凤:你对他甚至带着调侃的口气,比如你分析他的恋母情结。
朱:对,调侃卢俊也是调侃我自己,调侃我们这一代人。
凤:除了卢梭还有哪些人物?
朱:在思想史的人物当中,卢梭如果说是我处理的带负面色彩的一个人物的话,另外一个带正面色彩的,我比较敬仰的是顾准,我非常敬仰顾准,当我90年代初80年代末有条件来写东西的时候,实际在二十年前的顾准却无疑在更为困难的情况底下已经在那样做,那样想,那样写。当我突然发现,二十年前有个前辈是在遂道里面独自掘进,我一方面有了自信,我相信我这条路没有走错,尽管我身后愿意这样走的人不多,但,我前面一灯如豆,有一个人在地道里面已经掘进了二十多年;另外一个,我对顾准的"虽千万人而吾往矣"这样的一种精神极其敬佩。你想,在70年代初60年代末的中国,他想那些东西写那些东西的时候,他不是在一个城市找不到对话者,他是在一个国度里面找不到对话者,他在中国科学院工作,可以说是中国的翰林院,中国最有头脑的人集中在那里,我到今天看看,除了孙冶方在暗中保护他,他周围有多少对话者?除了他的晚辈,今天成名的著名的经济学家吴敬琏,作为他的学生辈对他有所理解之外,他同辈人当中能够理解他的有几个?几乎没有。对这样的人物,我是打心眼儿里敬佩。而且我认为,这样的人在今天的中国实在是太少,而不是太多,今天顾准的书出版了,顾准的日记出版了,在知识界稍微前卫一点的人都会谈顾准,但问题是人人都能谈顾准,人人都不愿意做顾准。顾准的精神没有过时呀!
凤:像顾准这样的一个人,也就是这些年他才浮出水面。在中国的思想史上有这样的人物,他也应该算是曾经的"失踪者"吧?
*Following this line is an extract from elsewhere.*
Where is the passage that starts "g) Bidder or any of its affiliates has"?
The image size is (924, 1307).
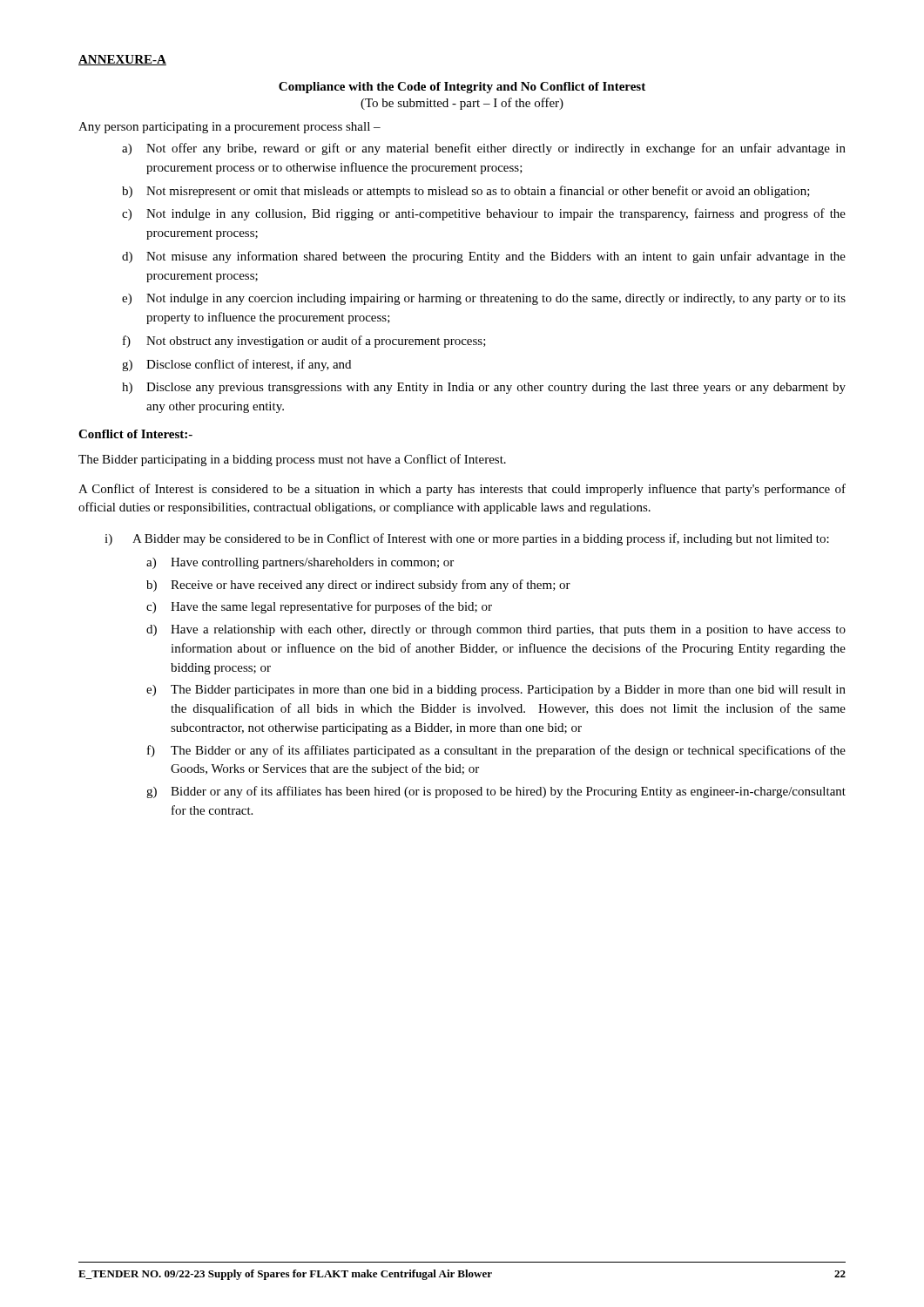496,801
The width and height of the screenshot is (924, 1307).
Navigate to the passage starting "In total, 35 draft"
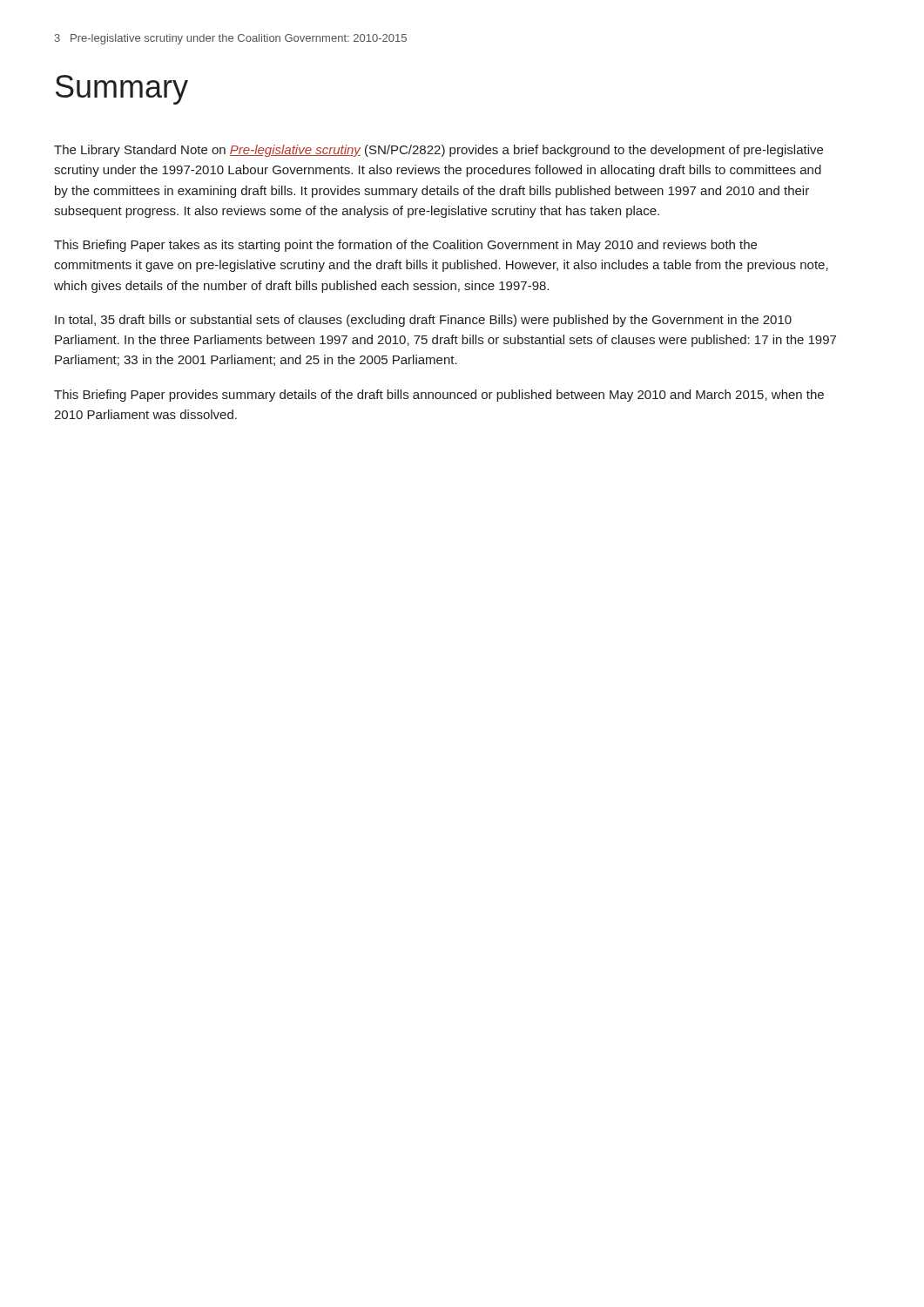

朱:他不光是失踪,他是被活埋的人,在活埋以前留下一叠抽屉里的手稿,那个手稿并不是为出版而写,而是自己头脑当中的"中国人遭的这个罪,根源在哪里"这个问题而写作,因为这样想,他写下的东西才有质量,顾准这样的人已经成了通行的符号,要有一百个顾准,一千个顾准,这个社会的思想才能前进。
凤:像这样的人其实就是我们所谓的社会的良心。
朱:你说社会的良心当然也可以,我说是社会的盐份,没有盐,这个社会肯定是寡淡无味的,是没有营养的,当然盐不能太多,盐多了汤也成苦汤了。现在的社会什么山珍海味,山上飞的,地下跑的,老林里面走的,什么样的东西我们都可以把它捕捉来变为我们的盘中餐,盘中餐里面我觉得最缺的就是盐--最普通的元素。就是普希金当年说的一句话--一盆好菜汤忘了放盐。
凤:或者说,真正的以盐的方式存在的人也是特别少。
朱:很少很少。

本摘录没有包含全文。